WHAT IS NEEDED:
Reprint the lines below as they are, minus the pictures.

===== DATA FOR ANALYSIS

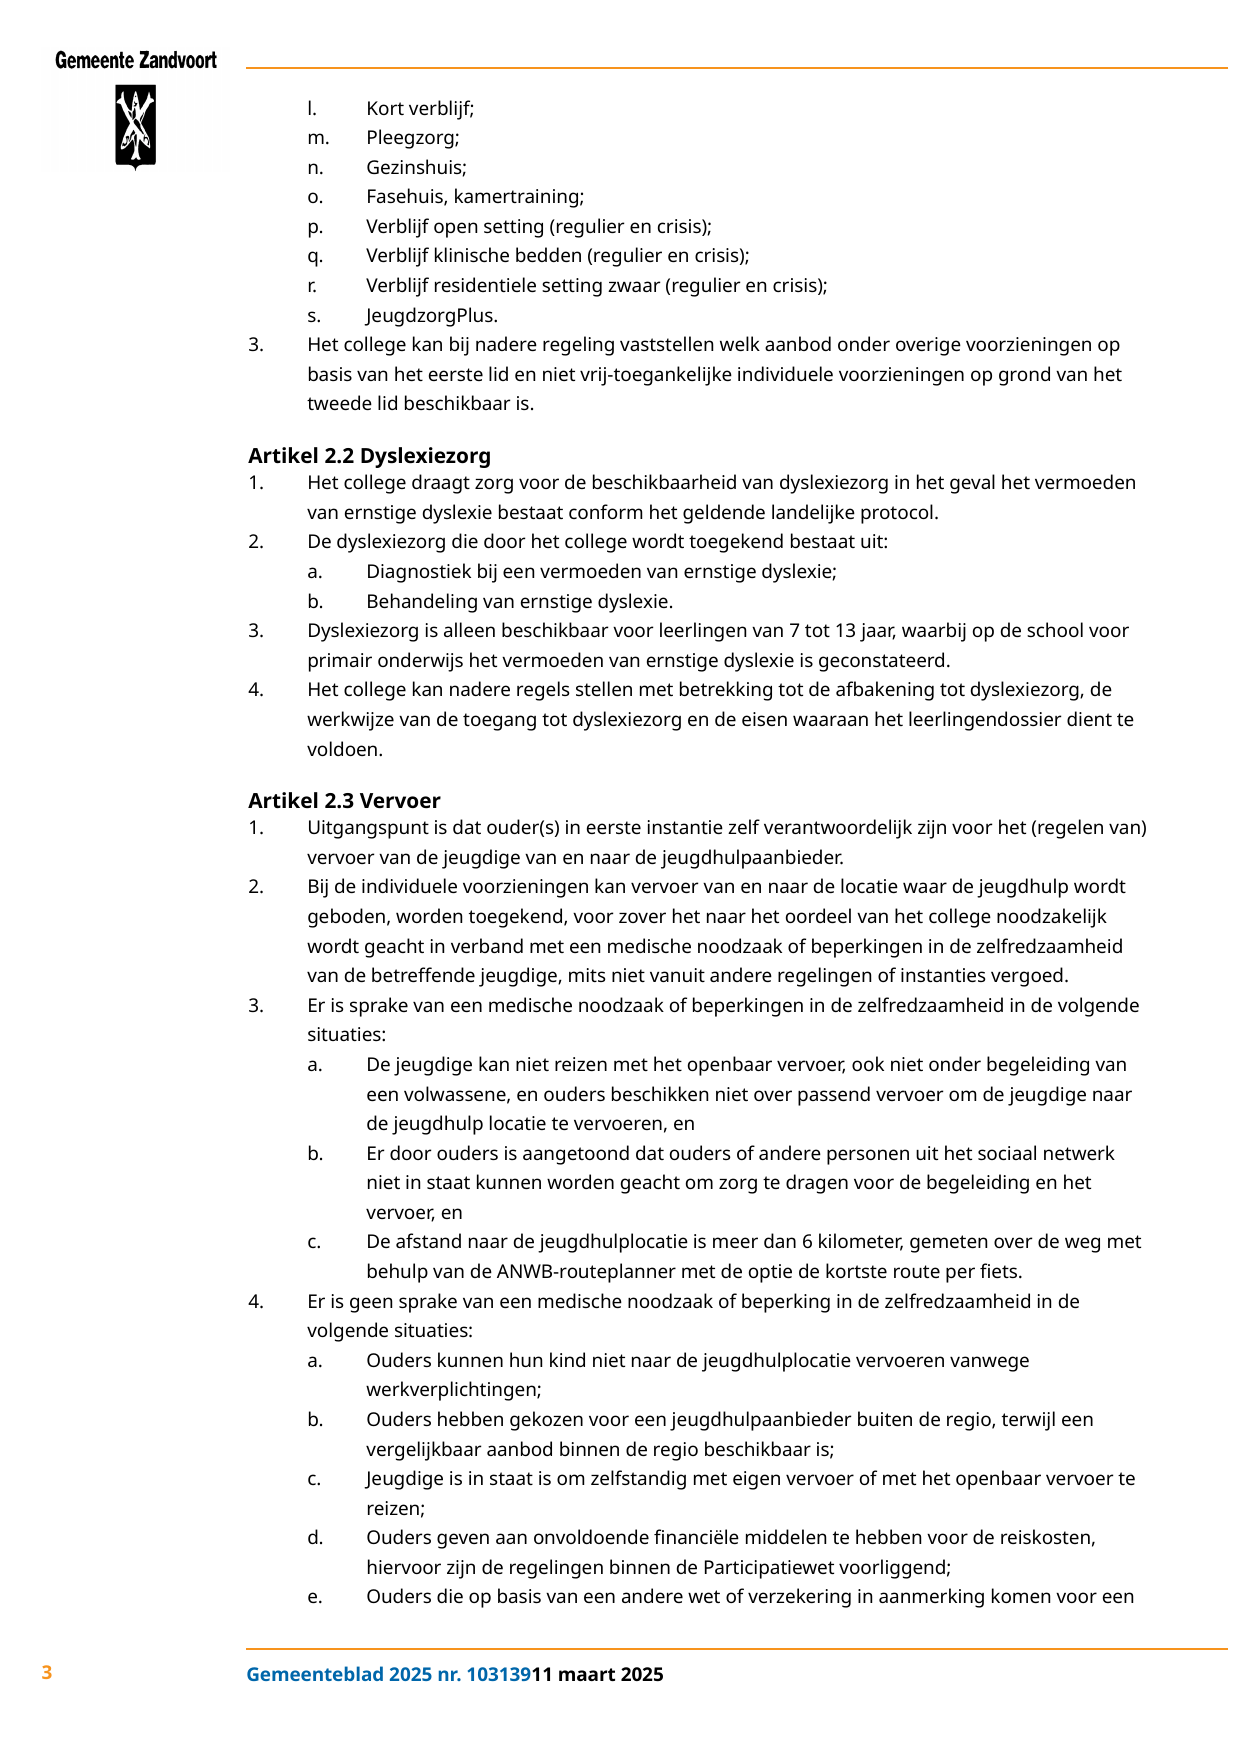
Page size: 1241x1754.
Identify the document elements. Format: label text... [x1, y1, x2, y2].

picture [41, 47, 231, 172]
text Artikel 2.2 Dyslexiezorg [248, 441, 1152, 469]
list Er is geen sprake van een medische noodzaak of beperking in de zelfredzaamheid in de volgende situaties: [248, 1288, 1152, 1343]
list Dyslexiezorg is alleen beschikbaar voor leerlingen van 7 tot 13 jaar, waarbij op de school voor primair onderwijs het vermoeden van ernstige dyslexie is geconstateerd. [248, 617, 1152, 673]
list Ouders hebben gekozen voor een jeugdhulpaanbieder buiten de regio, terwijl een vergelijkbaar aanbod binnen de regio beschikbaar is; [307, 1406, 1152, 1462]
list Pleegzorg; [307, 124, 1152, 150]
list Kort verblijf; [307, 95, 1152, 121]
list Verblijf klinische bedden (regulier en crisis); [307, 243, 1152, 268]
list Er door ouders is aangetoond dat ouders of andere personen uit het sociaal netwerk niet in staat kunnen worden geacht om zorg te dragen voor de begeleiding en het vervoer, en [307, 1140, 1152, 1225]
list Ouders die op basis van een andere wet of verzekering in aanmerking komen voor een [307, 1584, 1152, 1609]
list De jeugdige kan niet reizen met het openbaar vervoer, ook niet onder begeleiding van een volwassene, en ouders beschikken niet over passend vervoer om de jeugdige naar de jeugdhulp locatie te vervoeren, en [307, 1051, 1152, 1136]
list Behandeling van ernstige dyslexie. [307, 588, 1152, 613]
list De afstand naar de jeugdhulplocatie is meer dan 6 kilometer, gemeten over de weg met behulp van de ANWB-routeplanner met de optie de kortste route per fiets. [307, 1229, 1152, 1284]
list Het college kan bij nadere regeling vaststellen welk aanbod onder overige voorzieningen op basis van het eerste lid en niet vrij-toegankelijke individuele voorzieningen op grond van het tweede lid beschikbaar is. [248, 331, 1152, 416]
text Artikel 2.3 Vervoer [248, 786, 1152, 814]
list Ouders geven aan onvoldoende financiële middelen te hebben voor de reiskosten, hiervoor zijn de regelingen binnen de Participatiewet voorliggend; [307, 1524, 1152, 1580]
list JeugdzorgPlus. [307, 302, 1152, 328]
list Het college draagt zorg voor de beschikbaarheid van dyslexiezorg in het geval het vermoeden van ernstige dyslexie bestaat conform het geldende landelijke protocol. [248, 469, 1152, 525]
list Verblijf residentiele setting zwaar (regulier en crisis); [307, 272, 1152, 298]
list Bij de individuele voorzieningen kan vervoer van en naar de locatie waar de jeugdhulp wordt geboden, worden toegekend, voor zover het naar het oordeel van het college noodzakelijk wordt geacht in verband met een medische noodzaak of beperkingen in de zelfredzaamheid van de betreffende jeugdige, mits niet vanuit andere regelingen of instanties vergoed. [248, 874, 1152, 988]
list Er is sprake van een medische noodzaak of beperkingen in de zelfredzaamheid in de volgende situaties: [248, 992, 1152, 1047]
list Jeugdige is in staat is om zelfstandig met eigen vervoer of met het openbaar vervoer te reizen; [307, 1465, 1152, 1521]
list Gezinshuis; [307, 154, 1152, 180]
list Het college kan nadere regels stellen met betrekking tot de afbakening tot dyslexiezorg, de werkwijze van de toegang tot dyslexiezorg en de eisen waaraan het leerlingendossier dient te voldoen. [248, 677, 1152, 761]
list Ouders kunnen hun kind niet naar de jeugdhulplocatie vervoeren vanwege werkverplichtingen; [307, 1347, 1152, 1402]
list Fasehuis, kamertraining; [307, 183, 1152, 209]
list Verblijf open setting (regulier en crisis); [307, 213, 1152, 239]
list Uitgangspunt is dat ouder(s) in eerste instantie zelf verantwoordelijk zijn voor het (regelen van) vervoer van de jeugdige van en naar de jeugdhulpaanbieder. [248, 814, 1152, 870]
list De dyslexiezorg die door het college wordt toegekend bestaat uit: [248, 529, 1152, 554]
list Diagnostiek bij een vermoeden van ernstige dyslexie; [307, 558, 1152, 584]

==========

RESPONSE:
Page size: 1241x1754.
Identify the document elements. Format: label text... [x1, y1, x2, y2].

picture [41, 47, 231, 172]
text Artikel 2.2 Dyslexiezorg [248, 441, 1152, 469]
list Er is geen sprake van een medische noodzaak of beperking in de zelfredzaamheid in de volgende situaties: [248, 1288, 1152, 1343]
list Dyslexiezorg is alleen beschikbaar voor leerlingen van 7 tot 13 jaar, waarbij op de school voor primair onderwijs het vermoeden van ernstige dyslexie is geconstateerd. [248, 617, 1152, 673]
list Ouders hebben gekozen voor een jeugdhulpaanbieder buiten de regio, terwijl een vergelijkbaar aanbod binnen de regio beschikbaar is; [307, 1406, 1152, 1462]
list Pleegzorg; [307, 124, 1152, 150]
list Kort verblijf; [307, 95, 1152, 121]
list Verblijf klinische bedden (regulier en crisis); [307, 243, 1152, 268]
list Er door ouders is aangetoond dat ouders of andere personen uit het sociaal netwerk niet in staat kunnen worden geacht om zorg te dragen voor de begeleiding en het vervoer, en [307, 1140, 1152, 1225]
list Ouders die op basis van een andere wet of verzekering in aanmerking komen voor een [307, 1584, 1152, 1609]
list De jeugdige kan niet reizen met het openbaar vervoer, ook niet onder begeleiding van een volwassene, en ouders beschikken niet over passend vervoer om de jeugdige naar de jeugdhulp locatie te vervoeren, en [307, 1051, 1152, 1136]
list Behandeling van ernstige dyslexie. [307, 588, 1152, 613]
list De afstand naar de jeugdhulplocatie is meer dan 6 kilometer, gemeten over de weg met behulp van de ANWB-routeplanner met de optie de kortste route per fiets. [307, 1229, 1152, 1284]
list Het college kan bij nadere regeling vaststellen welk aanbod onder overige voorzieningen op basis van het eerste lid en niet vrij-toegankelijke individuele voorzieningen op grond van het tweede lid beschikbaar is. [248, 331, 1152, 416]
text Artikel 2.3 Vervoer [248, 786, 1152, 814]
list Ouders geven aan onvoldoende financiële middelen te hebben voor de reiskosten, hiervoor zijn de regelingen binnen de Participatiewet voorliggend; [307, 1524, 1152, 1580]
list JeugdzorgPlus. [307, 302, 1152, 328]
list Het college draagt zorg voor de beschikbaarheid van dyslexiezorg in het geval het vermoeden van ernstige dyslexie bestaat conform het geldende landelijke protocol. [248, 469, 1152, 525]
list Verblijf residentiele setting zwaar (regulier en crisis); [307, 272, 1152, 298]
list Bij de individuele voorzieningen kan vervoer van en naar de locatie waar de jeugdhulp wordt geboden, worden toegekend, voor zover het naar het oordeel van het college noodzakelijk wordt geacht in verband met een medische noodzaak of beperkingen in de zelfredzaamheid van de betreffende jeugdige, mits niet vanuit andere regelingen of instanties vergoed. [248, 874, 1152, 988]
list Er is sprake van een medische noodzaak of beperkingen in de zelfredzaamheid in de volgende situaties: [248, 992, 1152, 1047]
list Jeugdige is in staat is om zelfstandig met eigen vervoer of met het openbaar vervoer te reizen; [307, 1465, 1152, 1521]
list Gezinshuis; [307, 154, 1152, 180]
list Het college kan nadere regels stellen met betrekking tot de afbakening tot dyslexiezorg, de werkwijze van de toegang tot dyslexiezorg en de eisen waaraan het leerlingendossier dient te voldoen. [248, 677, 1152, 761]
list Ouders kunnen hun kind niet naar de jeugdhulplocatie vervoeren vanwege werkverplichtingen; [307, 1347, 1152, 1402]
list Fasehuis, kamertraining; [307, 183, 1152, 209]
list Verblijf open setting (regulier en crisis); [307, 213, 1152, 239]
list Uitgangspunt is dat ouder(s) in eerste instantie zelf verantwoordelijk zijn voor het (regelen van) vervoer van de jeugdige van en naar de jeugdhulpaanbieder. [248, 814, 1152, 870]
list De dyslexiezorg die door het college wordt toegekend bestaat uit: [248, 529, 1152, 554]
list Diagnostiek bij een vermoeden van ernstige dyslexie; [307, 558, 1152, 584]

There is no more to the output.